- Education: Newcastle University
- Scientific career
- Workplaces: University of Bristol London School of Hygiene and Tropical Medicine
- Thesis: The identification and characterisation of genes associated with insulin resistance (1998)

= Caroline Relton =

British biochemist

Caroline Laura Relton is a British biochemist, Professor and Pro Director for Research and Academic Development at the London School of Hygiene and Tropical Medicine. Her research considers genetic and epigenetic epidemiology and looks to understand the role of DNA methylation in complex disease.

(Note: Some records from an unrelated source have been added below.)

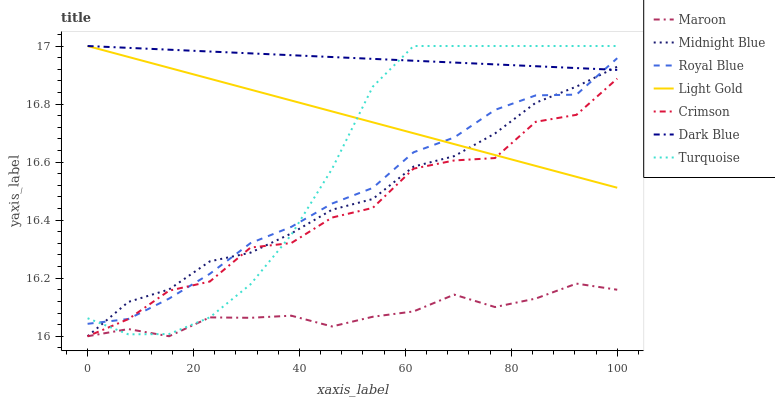Does Maroon have the minimum area under the curve?
Answer yes or no. Yes. Does Dark Blue have the maximum area under the curve?
Answer yes or no. Yes. Does Midnight Blue have the minimum area under the curve?
Answer yes or no. No. Does Midnight Blue have the maximum area under the curve?
Answer yes or no. No. Is Light Gold the smoothest?
Answer yes or no. Yes. Is Crimson the roughest?
Answer yes or no. Yes. Is Midnight Blue the smoothest?
Answer yes or no. No. Is Midnight Blue the roughest?
Answer yes or no. No. Does Midnight Blue have the lowest value?
Answer yes or no. Yes. Does Dark Blue have the lowest value?
Answer yes or no. No. Does Light Gold have the highest value?
Answer yes or no. Yes. Does Midnight Blue have the highest value?
Answer yes or no. No. Is Maroon less than Dark Blue?
Answer yes or no. Yes. Is Royal Blue greater than Maroon?
Answer yes or no. Yes. Does Turquoise intersect Crimson?
Answer yes or no. Yes. Is Turquoise less than Crimson?
Answer yes or no. No. Is Turquoise greater than Crimson?
Answer yes or no. No. Does Maroon intersect Dark Blue?
Answer yes or no. No.

== Early life and education ==
Relton studied applied biology and nutritional science as an undergraduate. She earned a postgraduate certificate in science education in 1990. She was a doctoral research student in molecular genetics at Newcastle University. Her research involved investigations into genes associated with insulin resistance. After completing her doctorate she was appointed to the faculty at Newcastle, a position she held for 12 years.

== Research and career ==
She moved to the University of Bristol in 2012. Relton investigates the variations in epidemiology that cause disease, and how these can be used to predict disease. She uses population-based approaches to study how behavioural, psychological, and social variables relate to DNA methylation. She was one of the first researchers to show that DNA could be a predictor of body weight: factors that influence the development of a baby in the womb (e.g. diet, smoking, stress) can predispose a child to obesity. Relton studied this using the Children of the 90s study. She used data from 520,000 people across Europe to demonstrate a link between levels of B vitamins and lung cancer, showing a reduced risk of lung cancer among people with high levels of Vitamin B6 and methionine.

Alongside her research position at Bristol, Relton is Pro-Director of Research and Development at the London School of Hygiene and Tropical Medicine.